Those are encouraging words from central Newfoundland MP Clifford Small, who presented a petition in the House of Commons in Ottawa Thursday calling on DFO to change its policy on non-core fishing enterprises so they can be sold or passed on — instead of dying with the fisherman who hold them.

The federal government has 45 days to respond to the petition to change the non-core policy. According to DFO, there are 454 non-core enterprise owners in Newfoundland and Labrador, representing about 14% of the estimated 3,290 inshore enterprises.




SEA-NL already knows the Trudeau government's answer — no.


Which is unacceptable.


SEA-NL formally wrote federal Fisheries and Oceans Minster Joyce Murray in January to ask that DFO’s non-core policy be changed so that licenses can be sold or transferred.


She responded nine months later to deny the request.


Murray wrote that criteria to determine core from non-core were established in 1996 to identity skippers ("key licence holders," she called them), appeals were heard, and that's that.


She sees "no reason" to reconsider DFO policy.


She's wrong.


All owner-operators with a clear connection to the fishery should be able to sell their licenses or transfer them as they wish.


That power should not rest with Ottawa, and it is one of the ways this province must become master of its own destiny. (Don't get me started.)



WHERE DOES FFAW STAND ON NON-CORE

The FFAW is destined to loose a big chunk of its membership once the 454 non-core license holders die off.


Throw in crew, and you're talking the loss of 1,000 dues-paying members.


But not a whisper from the union.


I wonder why?


Such topics aren't for public debate.


Certainly not during the FFAW's recent election for a new secretary-treasurer (won by the former west coast staffer at the centre of the scallop court case that the union lost to its members).


(I asked not to get me started.)


BACK TO NON-CORE ENTERPRISE OWNERS

Inshore harvesters don't have pension plans, and use money from their sale of their licences to fund their retirement.


Only that can't happen with non-core licence holders, many of whom are getting older with deteriorating health, and continue to fish despite the risks. (They have to eat.)

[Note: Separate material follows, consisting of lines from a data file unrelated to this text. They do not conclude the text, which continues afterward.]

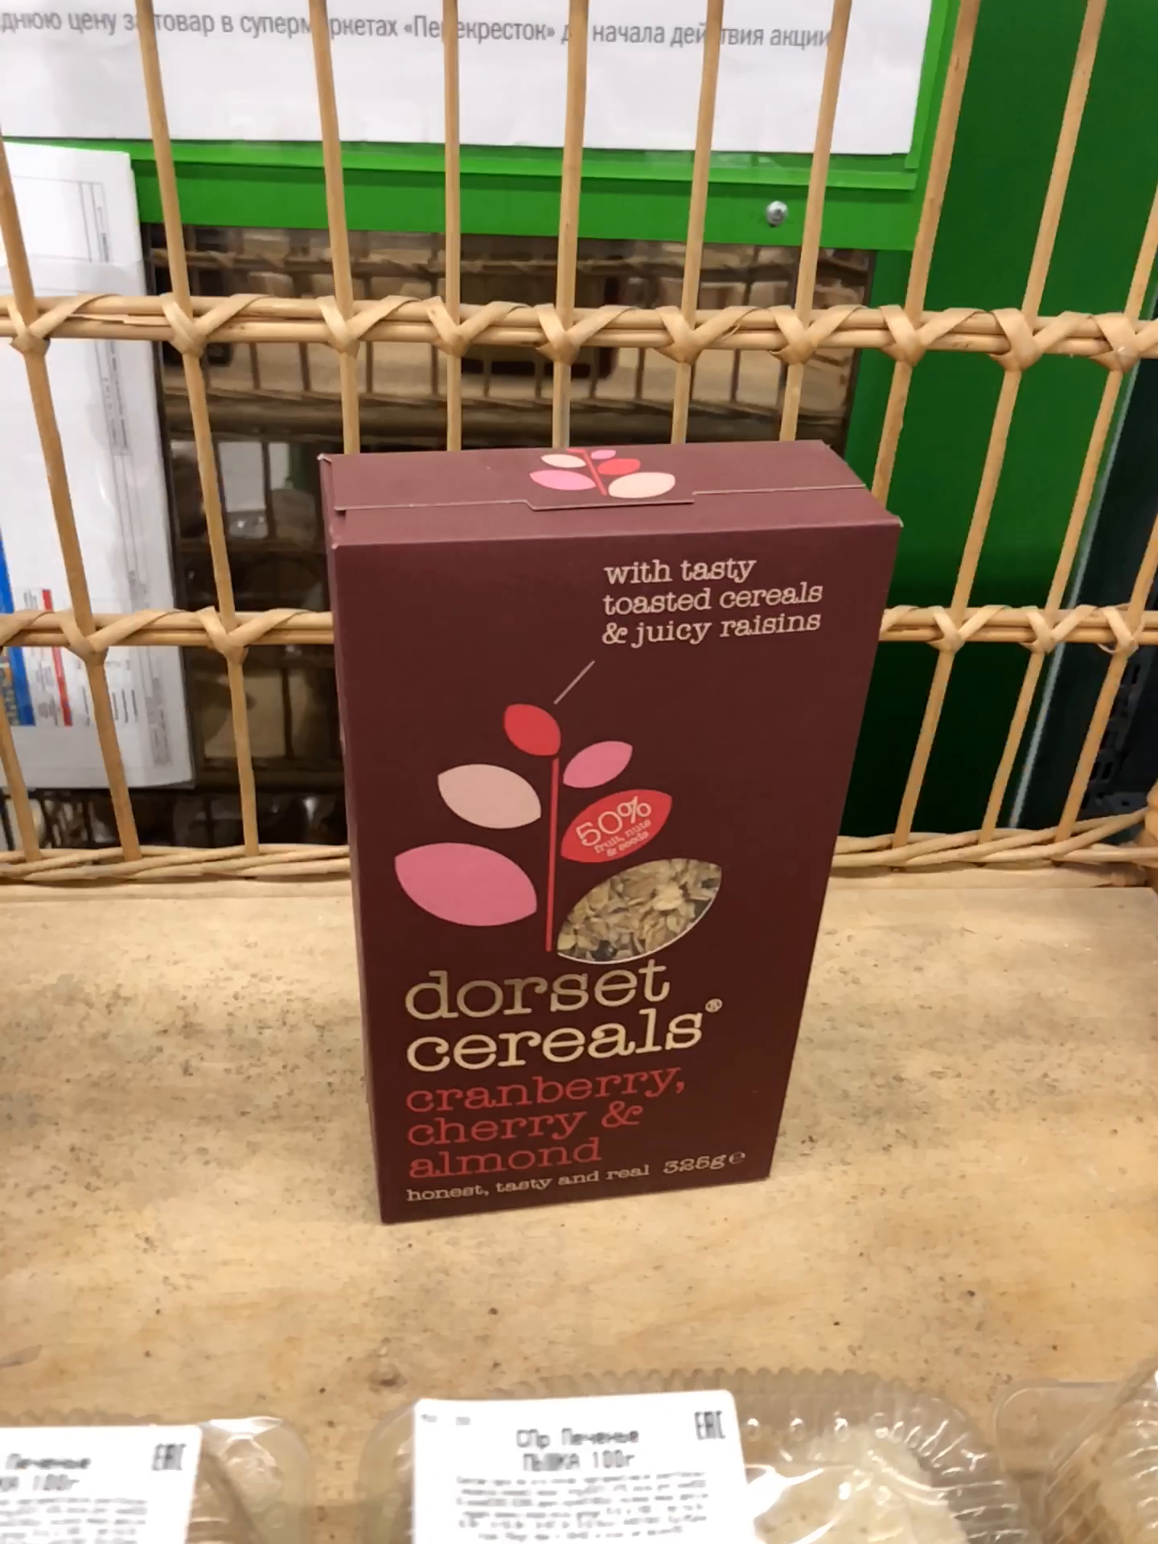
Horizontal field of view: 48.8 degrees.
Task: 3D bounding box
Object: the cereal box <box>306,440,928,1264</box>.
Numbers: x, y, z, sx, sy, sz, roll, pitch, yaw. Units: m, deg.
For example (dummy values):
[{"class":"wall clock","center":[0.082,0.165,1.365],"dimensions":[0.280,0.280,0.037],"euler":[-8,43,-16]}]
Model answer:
[{"class":"cereal box","center":[0.001,0.029,0.320],"dimensions":[0.120,0.209,0.050],"euler":[-4,34,-10]}]

Those risks are amplified by the fact that, for most, their non-core status restricts their boat length to 28 feet at a time when the East Coast climate is becoming increasingly unpredictable in fisheries that extend later into the fall.


The non-core policy unfairly targeted many fishermen who — despite having a historical attachment to the fishery — held other jobs, and did not/could not depend on the fishery as their primary or sole source of income.

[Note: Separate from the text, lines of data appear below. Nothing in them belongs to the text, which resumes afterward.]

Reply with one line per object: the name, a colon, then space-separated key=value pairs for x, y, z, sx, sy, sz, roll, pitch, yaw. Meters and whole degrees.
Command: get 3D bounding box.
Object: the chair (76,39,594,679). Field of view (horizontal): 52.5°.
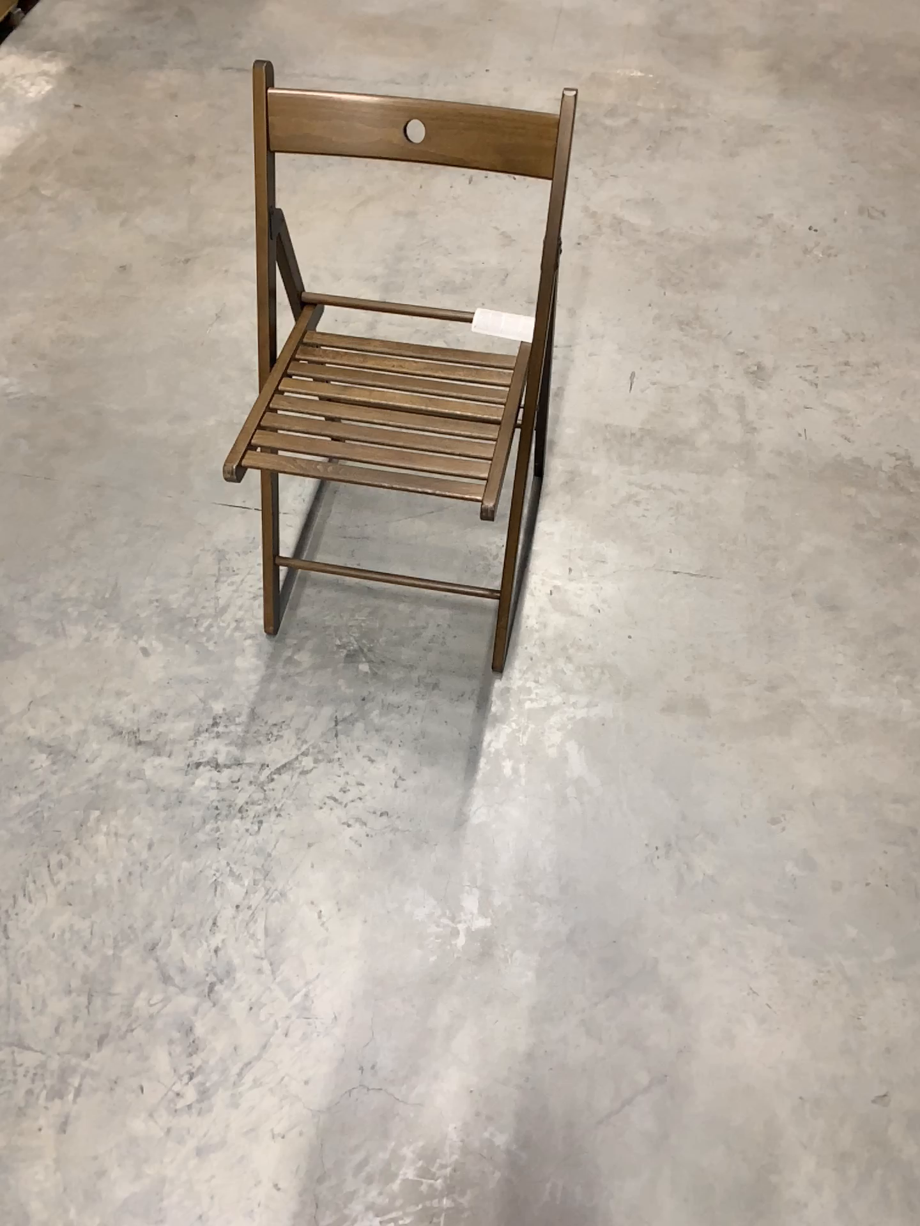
chair: x=-0.110 y=-0.327 z=1.368 sx=0.480 sy=0.698 sz=0.501 roll=9 pitch=58 yaw=7
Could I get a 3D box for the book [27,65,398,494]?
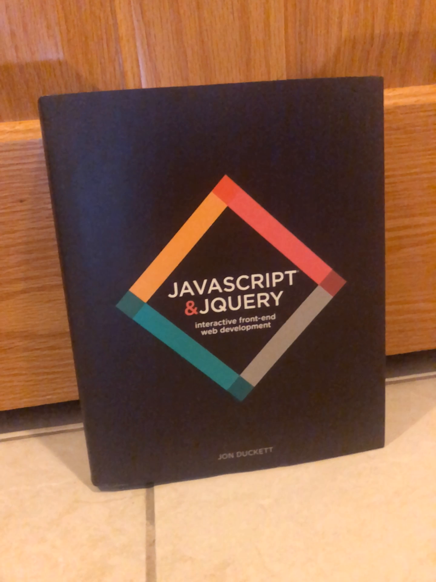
[{"bbox_3d":[0.006,-0.007,0.318,0.200,0.237,0.060,-7,11,-5],"label":"book"}]
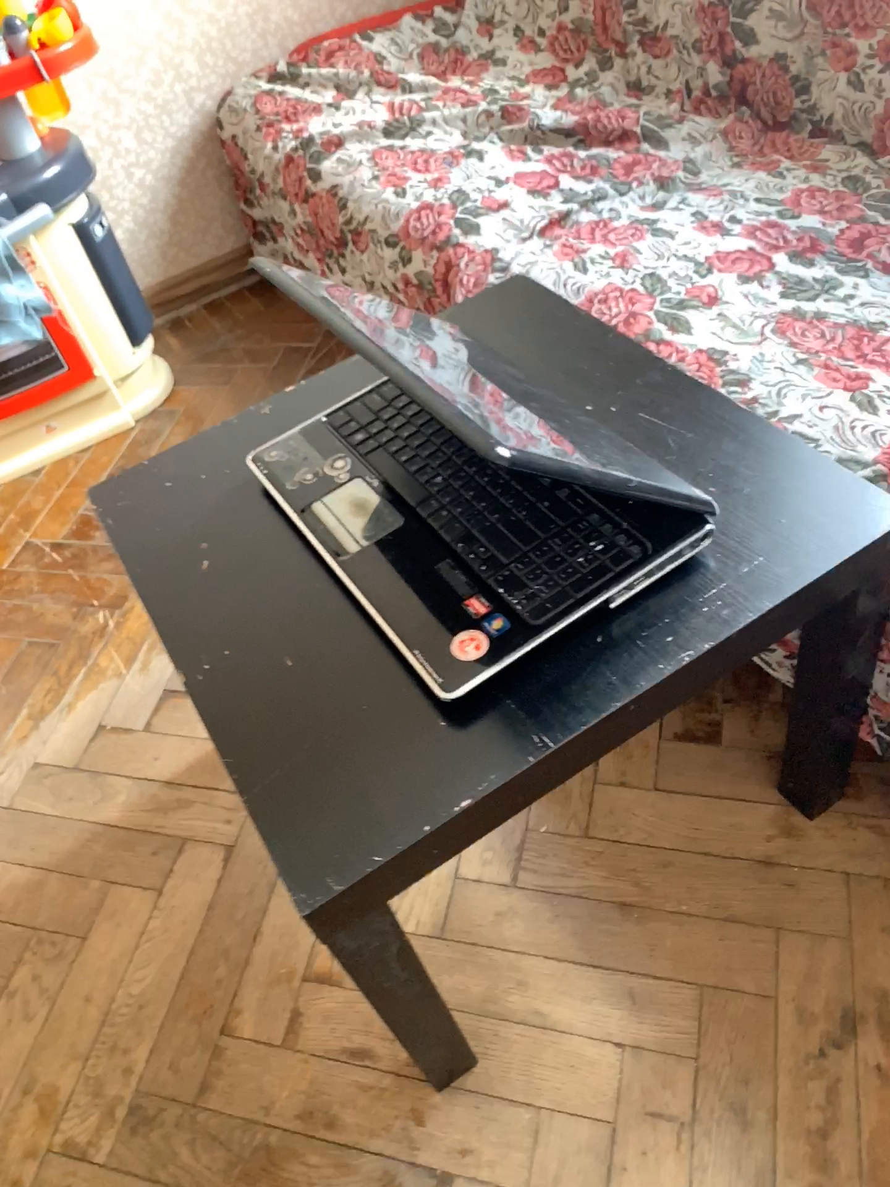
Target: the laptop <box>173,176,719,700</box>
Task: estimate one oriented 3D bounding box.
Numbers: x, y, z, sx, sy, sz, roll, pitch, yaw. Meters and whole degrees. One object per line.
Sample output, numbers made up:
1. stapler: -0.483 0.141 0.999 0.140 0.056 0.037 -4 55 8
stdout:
1. laptop: -0.011 -0.148 0.730 0.251 0.177 0.367 -31 48 -13
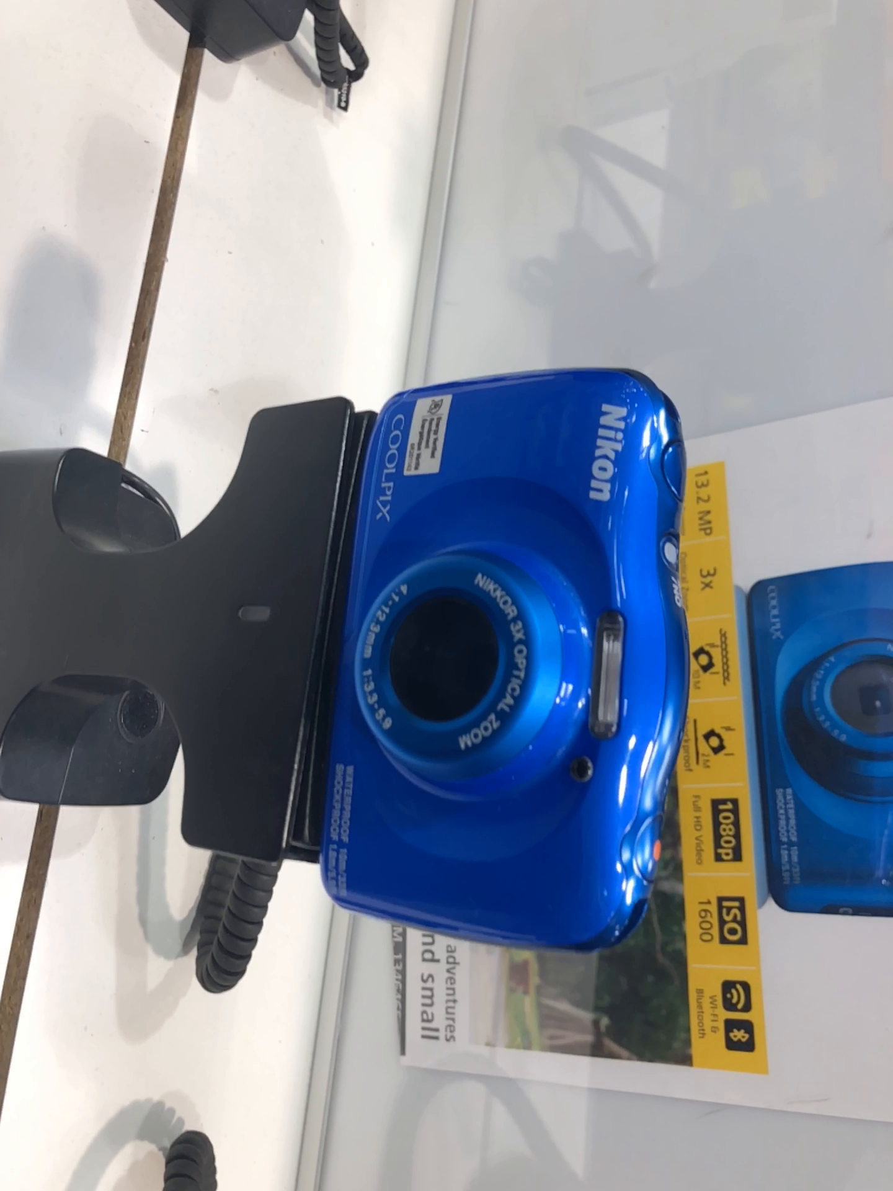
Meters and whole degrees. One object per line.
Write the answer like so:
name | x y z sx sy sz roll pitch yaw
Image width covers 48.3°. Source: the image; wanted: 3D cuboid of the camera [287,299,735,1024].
camera | 0.018 0.013 0.215 0.050 0.070 0.130 25 68 -57

Many worked on fishing boats whereby money from a fish sale was put in a single fisherman’s name, and so they couldn’t prove attachment to the fishery, with little support, financial or otherwise, to properly appeal their non-core designation.


The federal court recently ordered the federal minister of Fisheries and Oceans to reconsider a decision not to allow certain lobster licenses in the Maritimes to be sold or handed down.


NON-CORE BY THE NUMBERS

Of the 454 non-core enterprise owners, 342 hold groundfish licenses, and 101 hold a lobster license but not a groundfish license. Fifty non-core enterprise owners hold lobster and groundfish licenses.


Of the 342 non-core groundfish license holders, 194 were active in 2021, meaning they had at least one landing.


Of the 101 non-core lobster license holders, 90 of them reported catches in 2021, although there may be more if they fished and sold their catch by way of local sales.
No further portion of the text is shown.